**Directions**
For the listing below, count the lines that contain "name" and report only the number.

◆ ◆ ◆

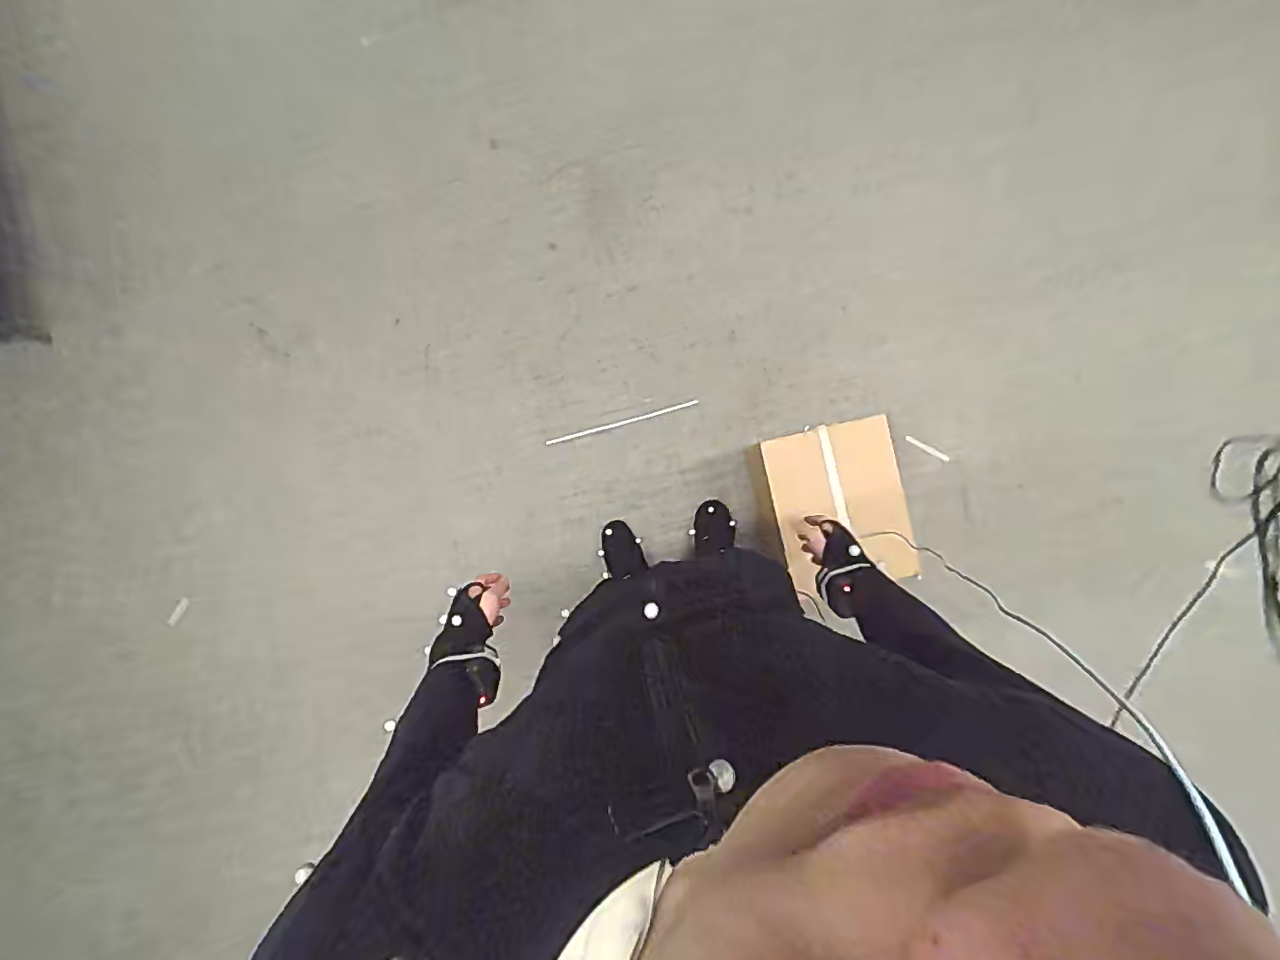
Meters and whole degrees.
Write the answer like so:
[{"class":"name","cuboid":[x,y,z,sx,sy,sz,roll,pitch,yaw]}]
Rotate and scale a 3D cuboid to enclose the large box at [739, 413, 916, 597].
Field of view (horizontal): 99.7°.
[{"class":"large box","cuboid":[0.485,0.061,1.475,0.320,0.320,0.408,-13,90,3]}]
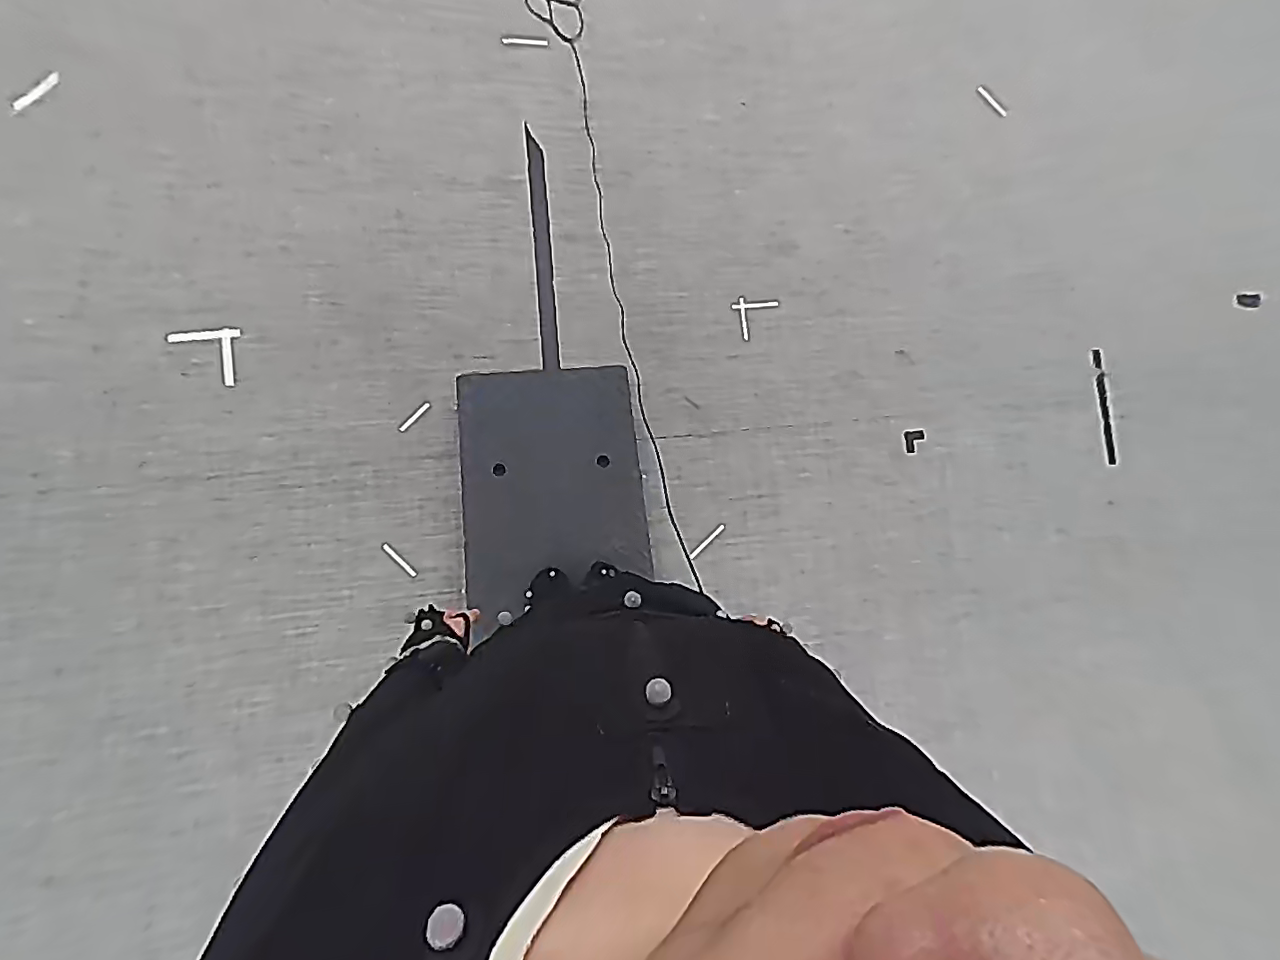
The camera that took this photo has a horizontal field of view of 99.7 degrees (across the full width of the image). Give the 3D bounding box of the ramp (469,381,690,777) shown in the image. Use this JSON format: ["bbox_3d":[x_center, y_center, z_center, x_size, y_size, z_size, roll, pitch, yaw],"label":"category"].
[{"bbox_3d":[-0.186,0.201,1.442,0.509,0.206,0.991,-8,83,-7],"label":"ramp"}]
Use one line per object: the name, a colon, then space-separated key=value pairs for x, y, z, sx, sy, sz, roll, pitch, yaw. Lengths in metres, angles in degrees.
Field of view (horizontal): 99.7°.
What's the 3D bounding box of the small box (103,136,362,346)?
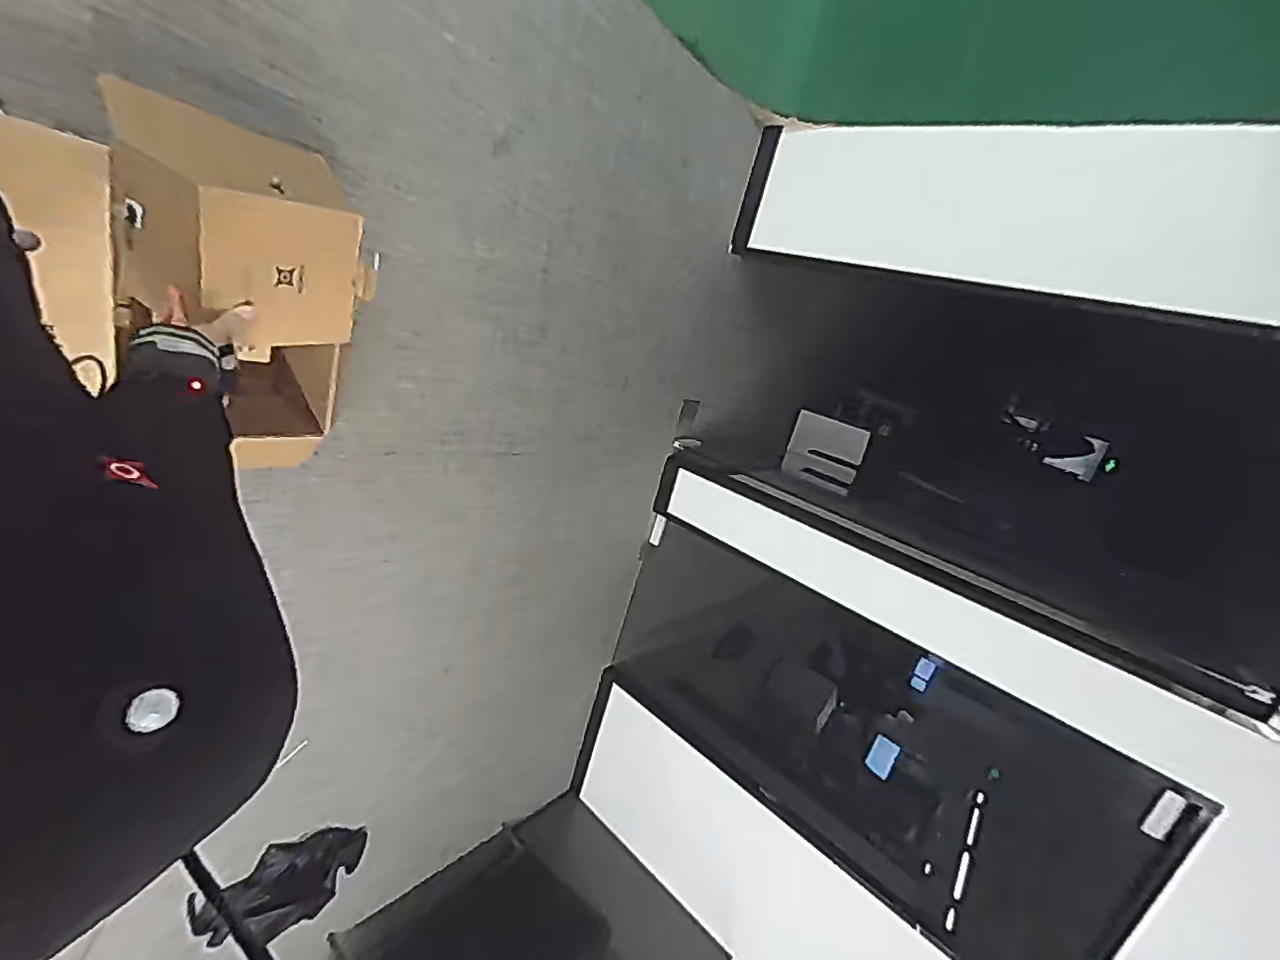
small box: x=-0.461 y=-0.270 z=0.626 sx=0.179 sy=0.176 sz=0.168 roll=-29 pitch=145 yaw=-57
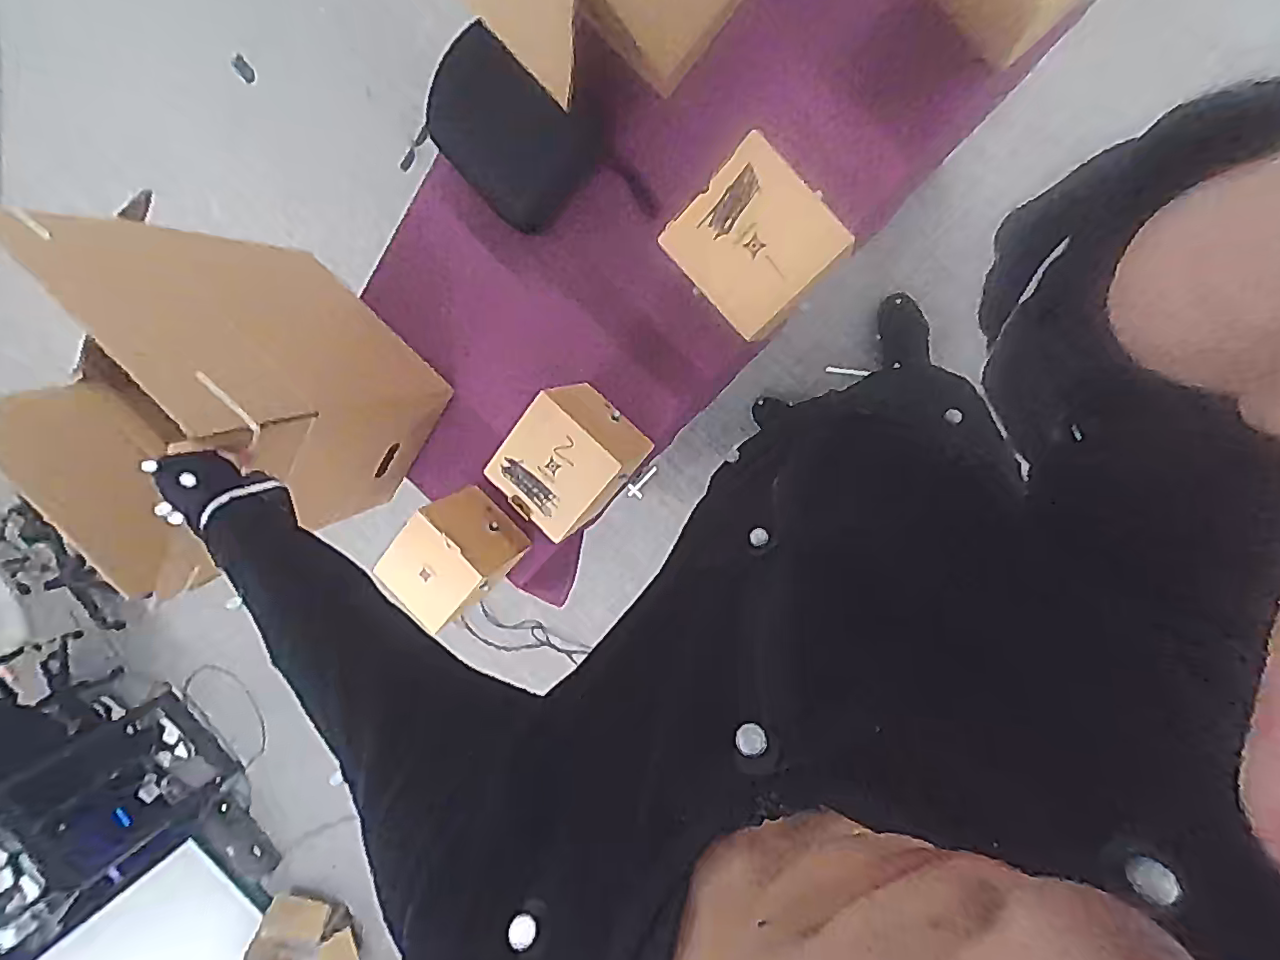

◆ ◆ ◆

**Response**
2